=== Data for the task ===
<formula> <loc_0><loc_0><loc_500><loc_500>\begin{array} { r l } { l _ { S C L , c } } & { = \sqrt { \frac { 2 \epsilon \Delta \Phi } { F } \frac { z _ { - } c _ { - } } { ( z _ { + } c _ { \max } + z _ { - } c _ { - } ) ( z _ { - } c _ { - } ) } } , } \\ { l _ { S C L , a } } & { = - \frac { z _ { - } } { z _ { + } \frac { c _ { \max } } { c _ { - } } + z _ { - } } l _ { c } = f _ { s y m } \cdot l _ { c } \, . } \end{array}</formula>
===
=== Data for the task ===
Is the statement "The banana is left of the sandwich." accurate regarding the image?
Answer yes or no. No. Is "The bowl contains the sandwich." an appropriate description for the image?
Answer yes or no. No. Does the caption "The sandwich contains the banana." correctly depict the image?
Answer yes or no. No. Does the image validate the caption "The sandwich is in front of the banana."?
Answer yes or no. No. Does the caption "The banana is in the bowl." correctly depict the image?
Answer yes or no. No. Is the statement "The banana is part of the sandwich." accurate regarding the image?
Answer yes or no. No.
===
=== Data for the task ===
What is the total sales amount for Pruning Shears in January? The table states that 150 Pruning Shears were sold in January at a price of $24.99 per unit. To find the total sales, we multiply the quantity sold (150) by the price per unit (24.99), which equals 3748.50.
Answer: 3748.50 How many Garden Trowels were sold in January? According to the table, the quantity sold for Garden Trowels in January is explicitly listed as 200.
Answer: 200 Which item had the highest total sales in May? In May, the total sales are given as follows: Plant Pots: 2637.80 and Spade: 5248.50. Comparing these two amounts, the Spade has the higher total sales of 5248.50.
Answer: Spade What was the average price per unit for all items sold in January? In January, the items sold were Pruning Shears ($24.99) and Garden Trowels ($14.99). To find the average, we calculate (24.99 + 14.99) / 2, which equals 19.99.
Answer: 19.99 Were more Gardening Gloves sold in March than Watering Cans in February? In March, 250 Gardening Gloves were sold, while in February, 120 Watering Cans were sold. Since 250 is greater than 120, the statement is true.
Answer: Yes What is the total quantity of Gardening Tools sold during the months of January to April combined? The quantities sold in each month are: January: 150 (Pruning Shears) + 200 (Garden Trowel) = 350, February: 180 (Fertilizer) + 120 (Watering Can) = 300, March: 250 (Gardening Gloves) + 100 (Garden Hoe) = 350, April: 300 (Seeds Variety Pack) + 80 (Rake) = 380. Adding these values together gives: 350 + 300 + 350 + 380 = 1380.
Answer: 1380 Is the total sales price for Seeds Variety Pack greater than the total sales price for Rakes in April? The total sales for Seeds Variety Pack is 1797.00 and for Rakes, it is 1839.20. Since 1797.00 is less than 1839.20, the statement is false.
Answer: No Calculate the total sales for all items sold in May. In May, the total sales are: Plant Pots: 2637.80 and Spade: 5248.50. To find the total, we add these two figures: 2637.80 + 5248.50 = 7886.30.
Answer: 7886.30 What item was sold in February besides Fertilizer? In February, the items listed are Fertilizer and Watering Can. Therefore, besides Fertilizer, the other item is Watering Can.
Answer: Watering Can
===
To do. If a line of the records contains the word "bowl", count it; give only the total.

Result below. 2